# Needing GS Pier tips



## Texas (Aug 1, 2012)

Ill be in Orange Beach mid August for vacation.
Needing to get some good tactics for fishing the GSpier. 
Last year around this same time did'nt have much luck but 
I was only fishing for Reds and specs. 
Wanting to try my luck fishing for king mackerel, I have all my rigs ready 
To go, just needing a little direction on how u guys fish for the kings.

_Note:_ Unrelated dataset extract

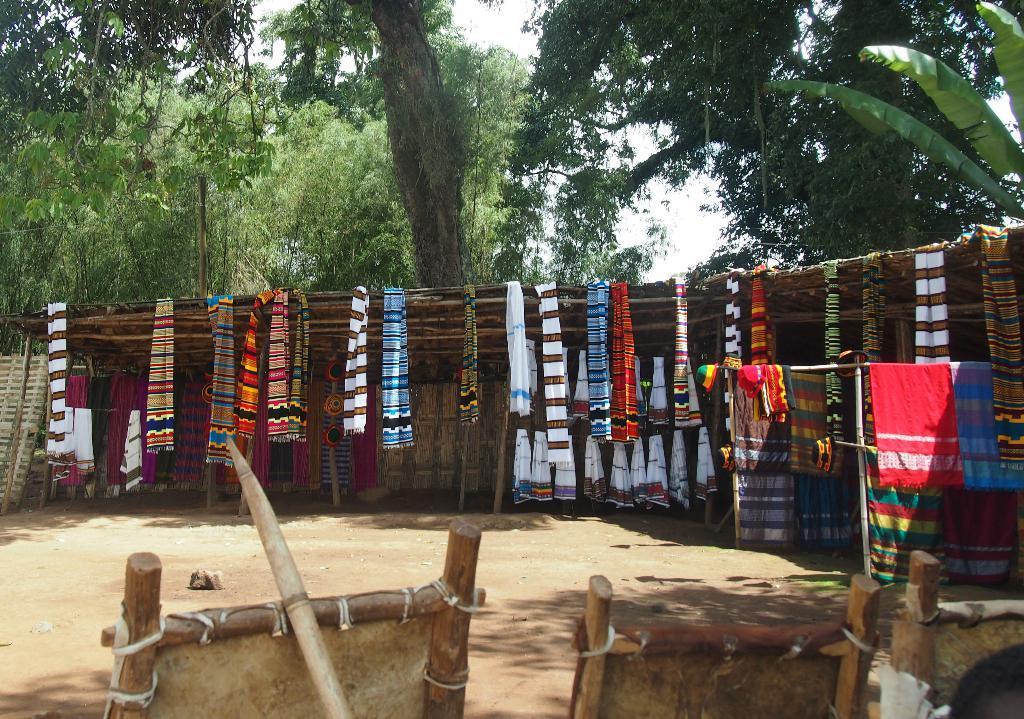How would you summarize this image in a sentence or two? In this image at the bottom there are wooden things. In the middle few clothes are hanged for drying. At the back side there are trees.

Do y'all 
Free line, or use balloon rigs, that's what I use in Texas.
Any input would be much appreciated.


----------



## Xpac (Jun 22, 2011)

i typically bring 2-3 rods. one with a sabiki bait rig, one with a gotcha for spanish, and the other with a free line leader for king. get there as early as possible. the king typically run around sun up then they're spotty for the rest of the day at best. a live bait bucket with rope helps too. simply free line live bait of the end of the pier.


----------



## Texas (Aug 1, 2012)

Thanks XPAC, much appreciate.


----------



## Hopin4aboat (Jul 5, 2009)

go to gulfshorespierfishing . com and ask there, If thats not it put it in google its the forum for that pier alone and you'll find great advice geared toward that pier.


----------



## ironman172 (Sep 28, 2007)

http://www.gulfshorespierfishing.com/


----------